**Data section:**
------------------------------------

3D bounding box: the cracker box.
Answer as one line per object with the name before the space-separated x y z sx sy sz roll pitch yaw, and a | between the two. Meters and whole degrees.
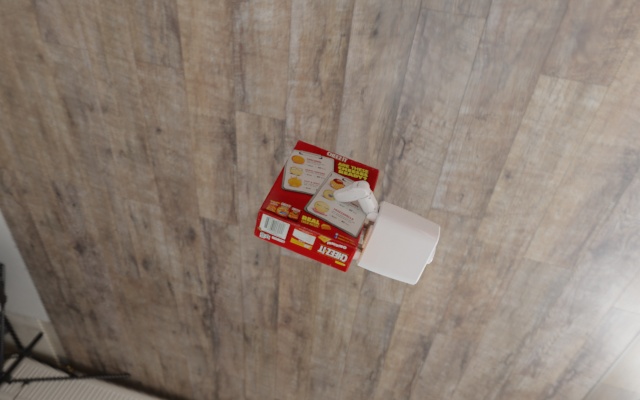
cracker box | 0.000 0.003 0.823 0.164 0.072 0.213 21 41 1

------------------------------------

**Required work:**
Copy the material shown above in full and exactly. Skip the pictures.

**Response area:**
3D bounding box: the cracker box.
Answer as one line per object with the name before the space-separated x y z sx sy sz roll pitch yaw, and a | between the two. Meters and whole degrees.
cracker box | 0.000 0.003 0.823 0.164 0.072 0.213 21 41 1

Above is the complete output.